Su cara, en tamaño reducido y en blanco y negro, le sonreía desde la pantalla del ordenador. Llevaba toda la tarde allí sentado, intentando componer su panfleto electoral, para el que había decidido utilizar la misma fotografía que aparecía en la web de Winterdown: su rostro en primer plano, con una sonrisa un tanto anodina y la frente alta y reluciente. Esa imagen tenía a su favor que ya se había sometido a las miradas públicas, y de momento no le había acarreado el ridículo ni la ruina, lo que constituía una buena señal. Pero bajo el retrato, en el espacio destinado a la información personal, sólo había un par de frases provisionales. Colin llevaba casi dos horas escribiendo palabras para luego borrarlas; en cierto momento había conseguido redactar un párrafo entero, pero lo había eliminado pulsando una y otra vez la tecla de borrado con un nervioso dedo índice.

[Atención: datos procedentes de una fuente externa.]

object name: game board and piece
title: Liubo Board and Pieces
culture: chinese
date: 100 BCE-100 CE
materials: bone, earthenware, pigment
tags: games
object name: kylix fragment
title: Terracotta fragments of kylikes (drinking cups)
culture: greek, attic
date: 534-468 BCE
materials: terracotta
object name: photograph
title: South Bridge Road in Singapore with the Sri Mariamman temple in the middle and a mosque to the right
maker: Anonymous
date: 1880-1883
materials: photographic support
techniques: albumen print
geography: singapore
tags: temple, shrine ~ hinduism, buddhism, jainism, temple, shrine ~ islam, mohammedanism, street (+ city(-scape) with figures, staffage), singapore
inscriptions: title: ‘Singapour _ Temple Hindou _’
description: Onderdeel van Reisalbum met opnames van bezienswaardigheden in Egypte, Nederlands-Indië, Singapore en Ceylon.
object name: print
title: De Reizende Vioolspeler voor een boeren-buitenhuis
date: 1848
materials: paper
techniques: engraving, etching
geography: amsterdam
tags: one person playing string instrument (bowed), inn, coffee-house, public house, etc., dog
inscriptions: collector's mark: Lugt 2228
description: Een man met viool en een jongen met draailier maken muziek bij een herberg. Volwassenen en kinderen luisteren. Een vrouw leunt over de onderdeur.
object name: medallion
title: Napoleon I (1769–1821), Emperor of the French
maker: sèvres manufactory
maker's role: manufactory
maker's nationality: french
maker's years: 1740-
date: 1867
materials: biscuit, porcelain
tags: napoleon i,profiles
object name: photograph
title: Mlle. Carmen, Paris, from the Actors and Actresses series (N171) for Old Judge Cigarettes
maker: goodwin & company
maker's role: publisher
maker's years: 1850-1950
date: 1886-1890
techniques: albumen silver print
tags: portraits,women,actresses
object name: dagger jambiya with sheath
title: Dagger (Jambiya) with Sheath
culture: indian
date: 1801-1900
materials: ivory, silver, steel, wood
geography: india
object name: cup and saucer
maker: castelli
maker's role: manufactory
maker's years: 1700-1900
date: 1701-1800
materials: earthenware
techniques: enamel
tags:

Cuando la indecisión y la soledad se le hicieron insoportables, se levantó y bajó a la sala. Encontró a Tessa tumbada en el sofá, aparentemente dormida, y el televisor encendido.
—¿Cómo va? —preguntó ella, adormilada, al abrir los ojos.
—Acaba de pasar Mary. Iba por la calle con Gavin Hughes.
—Ah, sí. Antes me ha comentado algo de que iba a casa de Miles y Samantha. Gavin debía de estar allí. Seguramente la habrá acompañado a su casa.
Colin se quedó perplejo. ¿Que Mary había ido a ver a Miles, el hombre que aspiraba a ocupar el lugar de su marido y se oponía a todo aquello por lo que Barry había luchado?
—¿Y qué demonios hacía en casa de los Mollison?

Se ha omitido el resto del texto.